A tumor response assessment core (TRAC) was created by the University of Michigan (U-M) Rogel Cancer Center in an effort to improve data quality of imaging assessment and decrease investigator and coordinator/regulatory workload for clinical trials in oncology.1
The approach, which was first implemented at U-M in 2016, was created to limit distortions due to individual variability and unintentional bias on the part of the physicians interpreting the scans.2
“We care about our patients. We want them to do well. We want to keep them on trials. We want to believe our care is helping them,” study senior author Vaibhav Sahai, MBBS, medical oncologist at Michigan Medicine, said in a press release. “So, it can be sometimes hard to do an unbiased assessment – which is what the clinical trial and the patient both deserve.”
The workflow includes an image analyst who pre-reviews scans before review with a board-certified radiologist, and then manually uploads annotated data on the proprietary TRAC web portal.
In an assessment of TRAC, published in the Journal of the National Comprehensive Cancer Network, 49 participants with lung cancer were enlisted (53% female with a median age of 60 years [range, 29-78 years]), and 2 patients were excluded due to the inability to meet criteria. Primary lung cancer morphologies included in the study were non-small cell (n = 31), small cell (n = 8), squamous cell (n = 4), and bronchogenic (n = 4).
A linearly weighted kappa test for concordance for TRAC versus radiologist was substantial at 0.65 (95% CI, 0.46-0.85; standard error [SE], 0.10). The kappa value was moderate at 0.42 (95% CI, 0.20-0.64; SE, 0.11) for TRAC versus oncologists and only fair at 0.34 (95% CI, 0.12-0.55; SE, 0.11) for oncologists versus radiologist.
Notably, the TRAC approach also improved the efficiency for analysis of cancer clinical trials at U-M, with the turnaround time for tumor measurements decreasing from 33 days to 3 days.
“The mission of TRAC was to create independent, unbiased, and verifiable measurements of our patients’ response during clinical trials, and the results of our study show that this approach lives up to that goal,” Sahai said. “We published a detailed explanation of the workflow and the software we created in hopes of being a model for other cancer centers, and thus to help improve the accuracy of clinical trial results for patients everywhere.”
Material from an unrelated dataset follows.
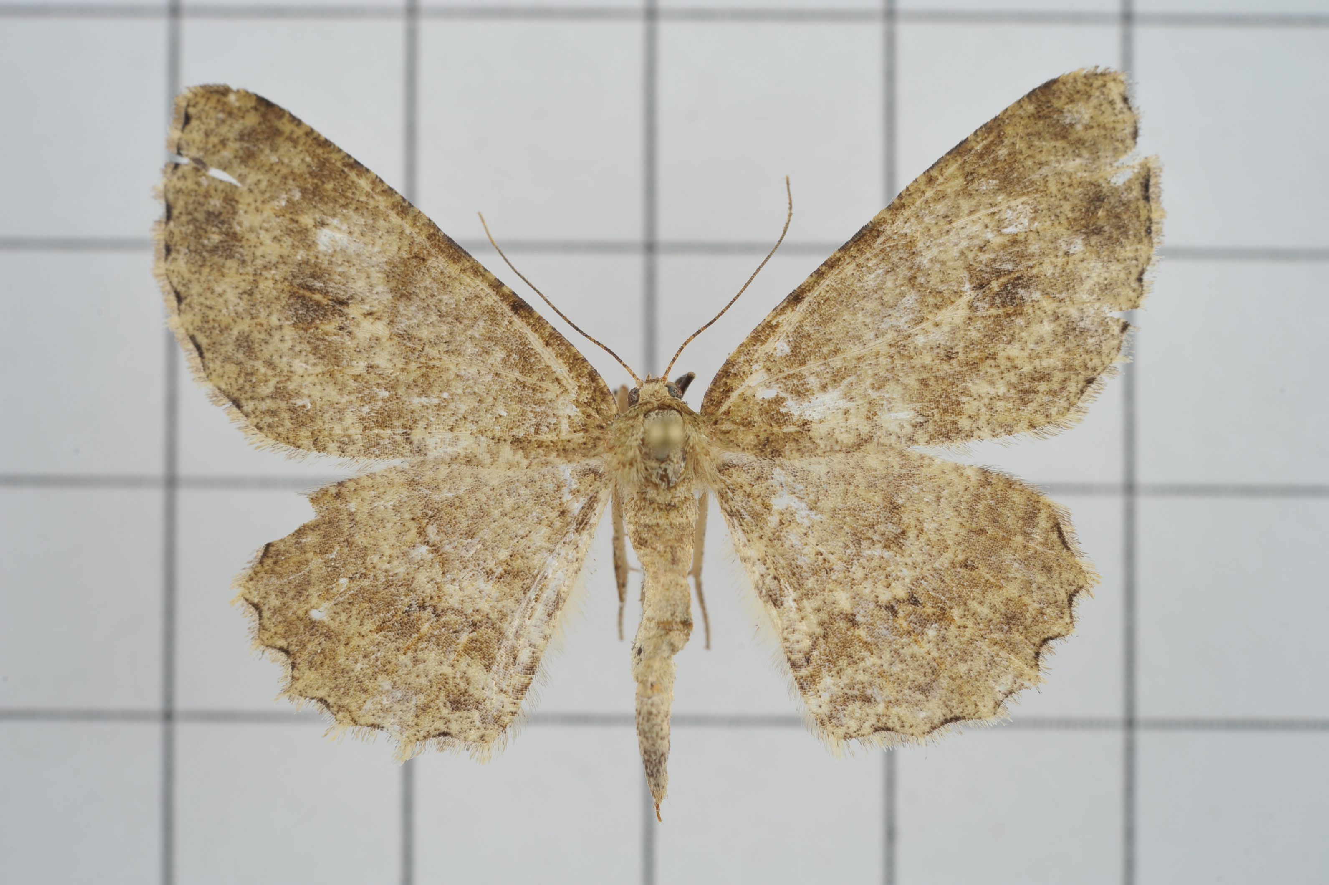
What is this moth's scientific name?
Ectropis excellens

According to investigators, only a small number of cancer centers across the country have developed similar systems, with dedicated imaging cores and web-based platforms. These data potentially underscore the necessity for improved imaging criteria training for medical oncologists, consideration for radiologist interpretation, and/or development of an imaging core for response assessment.
The lack of uniformity for obtaining quantitative imaging assessments is partially due to budget constraints, lack of standardized reporting, and potentially insufficiently written clinical trial protocols. The role of a single image analyst (IA) per trial could serve as a catalyst in the relationship between radiologists, oncologists, and clinical staff, thereby enabling improved reliability, reduced interreader variability, and quicker turnaround time without experimenter bias.
“More robust data in turn provide greater confidence in determining therapeutic tumor response in clinical trials, which is crucial in this era of precision medicine with smaller cohorts,” the authors wrote.
1. Hersberger KE, Mendiratta-Lala M, Fischer R, et al. Quantitative Imaging Assessment for Clinical Trials in Oncology. Journal of the National Comprehensive Cancer Network. doi:10.6004/jnccn.2019.7331.
2. U-M Approach Could Improve the Accuracy of Cancer Clinical Trials [news release]. Ann Arbor, Michigan. Published December 26, 2019. newswise.com/articles/u-m-approach-could-improve-the-accuracy-of-cancer-clinical-trials?sc=mwhr&xy=10021790. Accessed January 3, 2020.